Diesel exhaust particle extracts and associated polycyclic aromatic hydrocarbons inhibit Cox-2-dependent prostaglandin synthesis in murine macrophages and fibroblasts

Diesel exhaust particles (DEP) and their organic constituents modulate the immune system and exacerbate allergic airway inflammation. We investigated the role of DEP extract and associated polycyclic aromatic hydrocarbons (PAHs) on prostaglandin synthesis in endotoxin-activated murine macrophages and in mitogen-stimulated fibroblasts. In both macrophages and fibroblasts, DEP extract, phenanthrene, anthracene, phenanthrenequinone, and beta-napthoflavone inhibit prostaglandin production from endogenous arachidonic acid in response to ligand stimulation.
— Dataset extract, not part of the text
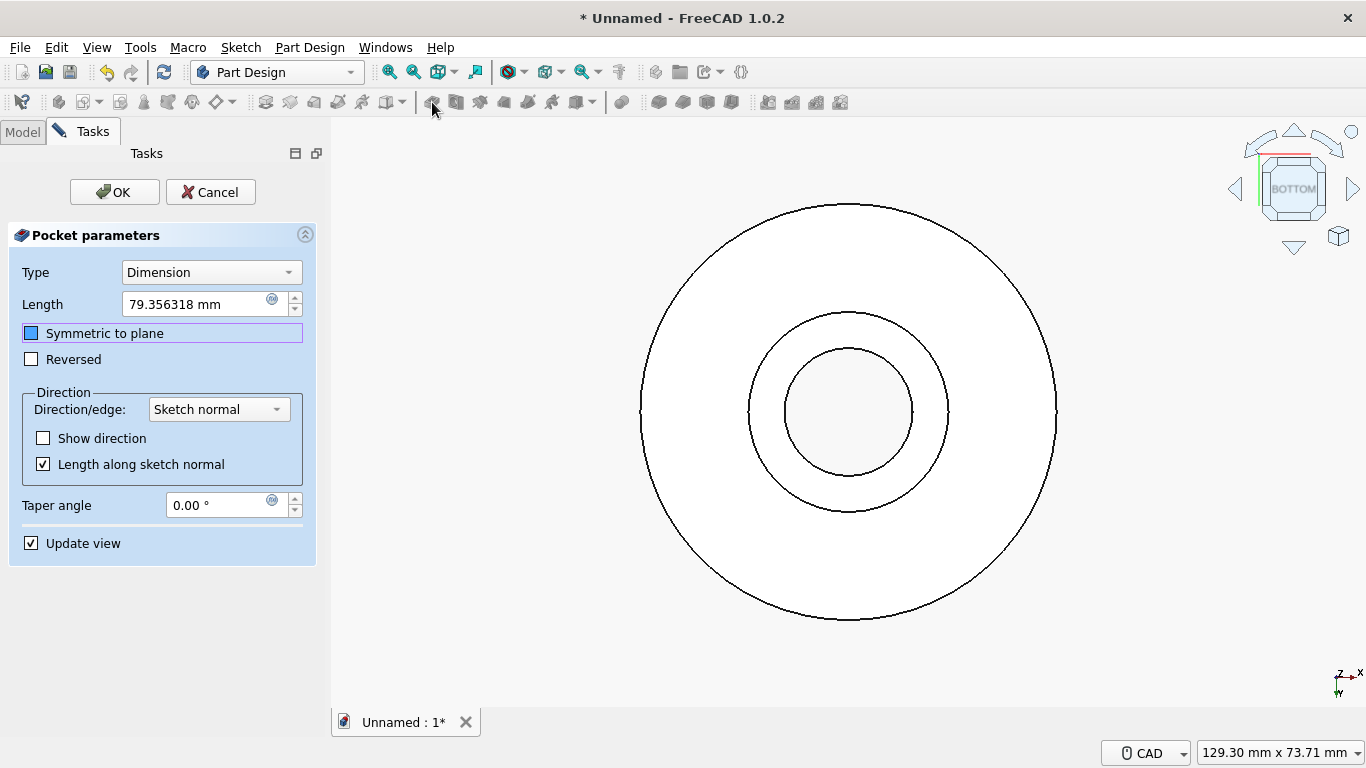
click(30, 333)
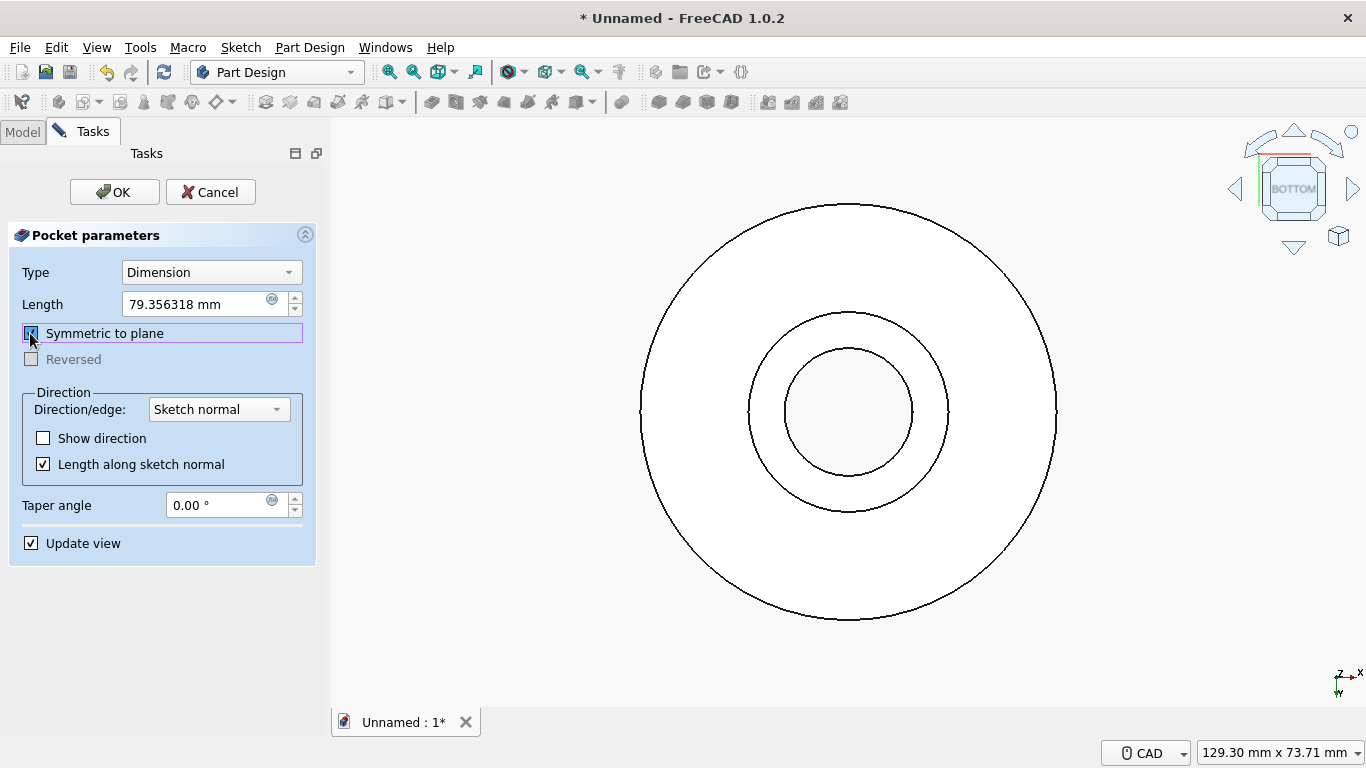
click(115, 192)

However, DEP extract and PAHs do not block ligand induction of cyclooxygenase-2 (COX-2) protein, either in mitogen-stimulated fibroblasts or endotoxin-treated macrophages. Release of total arachidonic acid and total lipid products is not reduced by DEP or PAHs following ligand stimulation of macrophages or fibroblasts. DEP extract and the PAHs inhibit the activity of purified COX-2 enzyme in vitro but do not inhibit COX-1 activity. Thus, DEP and PAHs do not affect ligand-induced COX-2 gene expression, phospholipase activation, or arachidonic acid release in macrophages and fibroblasts but exert their inhibitory effect on prostaglandin production by preferentially blocking COX-2 enzyme activity.